Records for this exercise:
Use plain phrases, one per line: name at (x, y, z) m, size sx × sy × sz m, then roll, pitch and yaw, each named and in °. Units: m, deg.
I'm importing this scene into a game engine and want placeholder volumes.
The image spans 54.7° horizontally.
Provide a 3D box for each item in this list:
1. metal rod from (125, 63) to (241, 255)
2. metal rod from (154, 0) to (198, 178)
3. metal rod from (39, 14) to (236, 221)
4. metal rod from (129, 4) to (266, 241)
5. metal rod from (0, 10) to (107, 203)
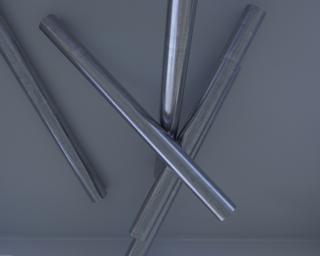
metal rod at (0.023, 0.054, 0.394) m, size 0.025 × 0.025 × 0.299 m, roll 26°, pitch 94°, yaw -9°
metal rod at (0.013, -0.036, 0.330) m, size 0.025 × 0.025 × 0.298 m, roll 3°, pitch 136°, yaw -1°
metal rod at (-0.029, -0.016, 0.350) m, size 0.300 × 0.025 × 0.025 m, roll 46°, pitch 104°, yaw 6°
metal rod at (0.041, -0.002, 0.366) m, size 0.025 × 0.025 × 0.299 m, roll 27°, pitch 94°, yaw -10°
metal rod at (-0.149, -0.028, 0.399) m, size 0.025 × 0.025 × 0.299 m, roll -23°, pitch 109°, yaw 8°
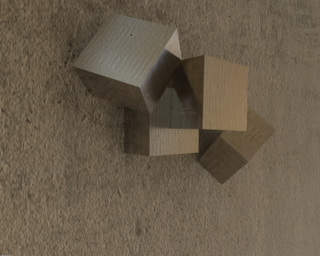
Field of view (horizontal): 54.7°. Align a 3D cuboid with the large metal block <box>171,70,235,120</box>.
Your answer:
[{"bbox_3d":[0.063,-0.049,0.446,0.081,0.050,0.079,0,90,-40],"label":"large metal block"}]

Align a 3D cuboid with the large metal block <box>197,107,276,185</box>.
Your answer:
[{"bbox_3d":[0.112,0.027,0.458,0.050,0.080,0.080,44,56,12],"label":"large metal block"}]

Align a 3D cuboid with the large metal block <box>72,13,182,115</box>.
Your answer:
[{"bbox_3d":[-0.032,-0.071,0.336,0.080,0.080,0.050,-61,158,-22],"label":"large metal block"}]

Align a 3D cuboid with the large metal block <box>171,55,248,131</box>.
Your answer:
[{"bbox_3d":[0.061,-0.037,0.375,0.081,0.050,0.079,3,88,-40],"label":"large metal block"}]

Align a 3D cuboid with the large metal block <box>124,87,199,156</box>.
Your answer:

Work to complete: Repeat each line of the data above, exactly as it appears, from the first through the line that contains "The image spans 54.7° horizontally.".

Output of the exercise:
Use plain phrases, one per line: name at (x, y, z) m, size sx × sy × sz m, then roll, pitch and yaw, each named and in °. Units: m, deg.
I'm importing this scene into a game engine and want placeholder volumes.
The image spans 54.7° horizontally.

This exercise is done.